Hey everyone!
I'm working on enhancing the security for my public-facing sites and am looking to implement Content Security Policy (CSP) headers alongside SSO, Let's Encrypt certificates, crowdsec, and geo-IP blocking. However, setting up CSP feels like a huge hassle. To avoid using the unsafe-inline policy, it seems that I need to use nonces or hashes. The issue is, I'm using Docker images—having to manually create new nonces every time I update the image sounds like a nightmare! Plus, some of my scripts are dynamic, so I'm wondering how to handle that in a Docker environment. There are tons of hashes to track down in the console as well, which adds to the complexity. On top of that, I've noticed that browsers struggle with the indentation in Traefik's configuration, requiring me to edit everything in a single line.
Is there an easier way to manage this? Maybe a plugin that could help capture all the static hashes while I browse, organizing them into one convenient location?

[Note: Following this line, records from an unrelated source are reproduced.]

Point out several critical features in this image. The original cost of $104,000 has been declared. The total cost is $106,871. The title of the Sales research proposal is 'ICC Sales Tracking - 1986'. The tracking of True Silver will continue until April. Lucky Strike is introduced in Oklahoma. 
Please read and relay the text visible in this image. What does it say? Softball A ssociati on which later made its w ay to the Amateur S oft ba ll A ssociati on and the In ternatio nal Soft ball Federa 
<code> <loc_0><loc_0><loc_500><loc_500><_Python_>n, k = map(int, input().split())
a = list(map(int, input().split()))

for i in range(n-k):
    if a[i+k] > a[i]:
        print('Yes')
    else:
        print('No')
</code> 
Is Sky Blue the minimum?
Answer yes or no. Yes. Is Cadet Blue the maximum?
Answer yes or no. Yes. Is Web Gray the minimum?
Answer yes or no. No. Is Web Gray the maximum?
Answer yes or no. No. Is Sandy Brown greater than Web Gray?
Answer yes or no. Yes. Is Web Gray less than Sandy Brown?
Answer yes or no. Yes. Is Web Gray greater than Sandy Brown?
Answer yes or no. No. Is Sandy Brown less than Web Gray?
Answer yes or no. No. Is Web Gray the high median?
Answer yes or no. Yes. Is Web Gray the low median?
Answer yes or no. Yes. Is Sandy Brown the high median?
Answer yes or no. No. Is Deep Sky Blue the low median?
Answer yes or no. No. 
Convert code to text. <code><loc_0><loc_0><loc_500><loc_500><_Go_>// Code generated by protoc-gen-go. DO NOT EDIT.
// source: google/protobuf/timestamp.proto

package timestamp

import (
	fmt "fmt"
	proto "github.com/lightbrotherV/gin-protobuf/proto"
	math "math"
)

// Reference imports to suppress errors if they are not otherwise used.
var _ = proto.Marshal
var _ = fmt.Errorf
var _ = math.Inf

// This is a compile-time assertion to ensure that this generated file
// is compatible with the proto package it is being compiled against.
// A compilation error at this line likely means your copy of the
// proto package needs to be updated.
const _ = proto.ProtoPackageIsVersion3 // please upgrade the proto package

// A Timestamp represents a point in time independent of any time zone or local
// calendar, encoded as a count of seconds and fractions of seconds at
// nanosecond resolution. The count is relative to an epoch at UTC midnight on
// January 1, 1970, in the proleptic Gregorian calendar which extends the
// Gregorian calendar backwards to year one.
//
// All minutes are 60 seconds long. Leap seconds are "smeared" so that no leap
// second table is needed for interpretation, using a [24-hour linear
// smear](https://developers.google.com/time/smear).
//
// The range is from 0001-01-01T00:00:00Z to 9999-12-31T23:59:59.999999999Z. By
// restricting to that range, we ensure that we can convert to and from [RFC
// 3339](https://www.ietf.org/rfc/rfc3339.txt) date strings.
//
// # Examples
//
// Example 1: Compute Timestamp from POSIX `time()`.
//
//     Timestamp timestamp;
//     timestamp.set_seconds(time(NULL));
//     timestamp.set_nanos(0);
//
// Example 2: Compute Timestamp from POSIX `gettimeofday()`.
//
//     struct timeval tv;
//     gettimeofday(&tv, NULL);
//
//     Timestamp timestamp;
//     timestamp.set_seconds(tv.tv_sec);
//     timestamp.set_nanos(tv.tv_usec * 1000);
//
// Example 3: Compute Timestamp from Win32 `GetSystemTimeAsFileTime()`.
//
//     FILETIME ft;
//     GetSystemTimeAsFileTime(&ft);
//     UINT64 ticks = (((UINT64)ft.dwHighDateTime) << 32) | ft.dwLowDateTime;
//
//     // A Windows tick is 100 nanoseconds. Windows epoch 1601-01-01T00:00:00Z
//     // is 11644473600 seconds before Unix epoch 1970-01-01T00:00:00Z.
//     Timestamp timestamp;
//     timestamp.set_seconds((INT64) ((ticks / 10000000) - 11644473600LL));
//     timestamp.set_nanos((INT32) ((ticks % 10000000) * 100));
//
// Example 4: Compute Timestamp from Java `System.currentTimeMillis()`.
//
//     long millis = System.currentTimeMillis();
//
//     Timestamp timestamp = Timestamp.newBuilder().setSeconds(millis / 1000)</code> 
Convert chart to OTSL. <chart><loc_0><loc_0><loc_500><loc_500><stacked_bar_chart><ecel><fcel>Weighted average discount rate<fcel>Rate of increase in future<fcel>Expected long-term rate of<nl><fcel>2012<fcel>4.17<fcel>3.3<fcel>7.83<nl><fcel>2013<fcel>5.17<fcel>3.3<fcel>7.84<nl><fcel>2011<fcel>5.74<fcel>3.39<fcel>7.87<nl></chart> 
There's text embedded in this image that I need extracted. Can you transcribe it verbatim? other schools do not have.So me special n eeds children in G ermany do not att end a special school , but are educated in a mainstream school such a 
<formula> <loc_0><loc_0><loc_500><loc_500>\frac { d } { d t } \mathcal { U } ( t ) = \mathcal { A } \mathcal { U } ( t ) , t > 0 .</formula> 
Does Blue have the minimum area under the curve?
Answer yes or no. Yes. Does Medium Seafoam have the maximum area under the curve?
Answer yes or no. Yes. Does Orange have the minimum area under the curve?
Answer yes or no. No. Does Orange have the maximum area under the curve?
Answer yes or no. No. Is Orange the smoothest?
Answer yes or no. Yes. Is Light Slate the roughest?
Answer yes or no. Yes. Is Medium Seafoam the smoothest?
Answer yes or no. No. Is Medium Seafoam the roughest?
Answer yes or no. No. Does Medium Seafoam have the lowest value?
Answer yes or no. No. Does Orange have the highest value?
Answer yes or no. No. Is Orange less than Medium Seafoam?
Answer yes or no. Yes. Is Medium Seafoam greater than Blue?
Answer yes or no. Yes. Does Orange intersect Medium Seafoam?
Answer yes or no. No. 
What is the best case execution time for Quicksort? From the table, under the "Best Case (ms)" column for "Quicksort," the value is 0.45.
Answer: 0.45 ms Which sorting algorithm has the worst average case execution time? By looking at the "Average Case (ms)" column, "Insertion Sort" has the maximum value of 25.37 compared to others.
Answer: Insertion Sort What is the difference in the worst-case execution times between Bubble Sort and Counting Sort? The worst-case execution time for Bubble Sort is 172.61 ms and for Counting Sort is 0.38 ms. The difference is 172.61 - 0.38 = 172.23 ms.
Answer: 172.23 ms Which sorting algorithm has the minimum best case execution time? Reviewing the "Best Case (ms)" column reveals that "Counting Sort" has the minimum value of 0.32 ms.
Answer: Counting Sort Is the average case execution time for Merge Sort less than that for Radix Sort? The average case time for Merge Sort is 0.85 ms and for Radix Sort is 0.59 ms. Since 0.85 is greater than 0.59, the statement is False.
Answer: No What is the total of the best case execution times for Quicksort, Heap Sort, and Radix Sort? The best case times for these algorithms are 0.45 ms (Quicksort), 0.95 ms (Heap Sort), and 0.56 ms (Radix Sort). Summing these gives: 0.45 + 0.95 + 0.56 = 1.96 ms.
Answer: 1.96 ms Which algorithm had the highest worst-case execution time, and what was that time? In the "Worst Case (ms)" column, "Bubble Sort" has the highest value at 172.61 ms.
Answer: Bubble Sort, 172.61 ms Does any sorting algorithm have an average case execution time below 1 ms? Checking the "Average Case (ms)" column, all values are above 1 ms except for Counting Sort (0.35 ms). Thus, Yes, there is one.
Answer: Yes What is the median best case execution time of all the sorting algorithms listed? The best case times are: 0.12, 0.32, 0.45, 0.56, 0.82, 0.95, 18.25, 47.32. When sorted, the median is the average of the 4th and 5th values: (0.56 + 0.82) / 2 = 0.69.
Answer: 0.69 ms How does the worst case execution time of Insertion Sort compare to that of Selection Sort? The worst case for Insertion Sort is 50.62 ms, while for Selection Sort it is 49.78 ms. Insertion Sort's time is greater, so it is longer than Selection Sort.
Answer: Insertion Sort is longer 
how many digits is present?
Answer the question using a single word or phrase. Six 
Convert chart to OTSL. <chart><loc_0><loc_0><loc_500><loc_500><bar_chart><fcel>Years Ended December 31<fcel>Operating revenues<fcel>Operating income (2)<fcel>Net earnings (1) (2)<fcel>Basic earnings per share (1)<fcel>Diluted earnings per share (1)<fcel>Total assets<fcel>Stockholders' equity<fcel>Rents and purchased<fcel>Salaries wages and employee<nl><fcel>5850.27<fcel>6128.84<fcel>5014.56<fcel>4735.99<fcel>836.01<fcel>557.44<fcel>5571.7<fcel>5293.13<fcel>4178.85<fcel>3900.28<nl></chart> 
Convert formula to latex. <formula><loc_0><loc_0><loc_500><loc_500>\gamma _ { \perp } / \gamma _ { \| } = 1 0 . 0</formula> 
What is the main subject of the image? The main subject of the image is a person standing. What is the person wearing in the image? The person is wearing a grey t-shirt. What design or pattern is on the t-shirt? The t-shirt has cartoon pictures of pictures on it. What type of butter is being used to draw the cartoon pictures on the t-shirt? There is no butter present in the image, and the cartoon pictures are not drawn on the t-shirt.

Any help would be greatly appreciated! Thanks!
2 Answers
When handling CSP in Docker, just treat it like a traditional app. You can generate a nonce for every deployment or create it per request. It's not the most straightforward solution, but it can simplify the process.
Nonces are generated per request, so you're right about that! The idea is that you have to include them in your HTML, but when using Docker, every time you clear or restart your image, you lose that nonce. It can get pretty tedious for sure.
Yeah, it's a real pain! If you're not doing it already, consider generating a nonce during each deployment and injecting it into the HTML at that moment instead of trying to manage it per request.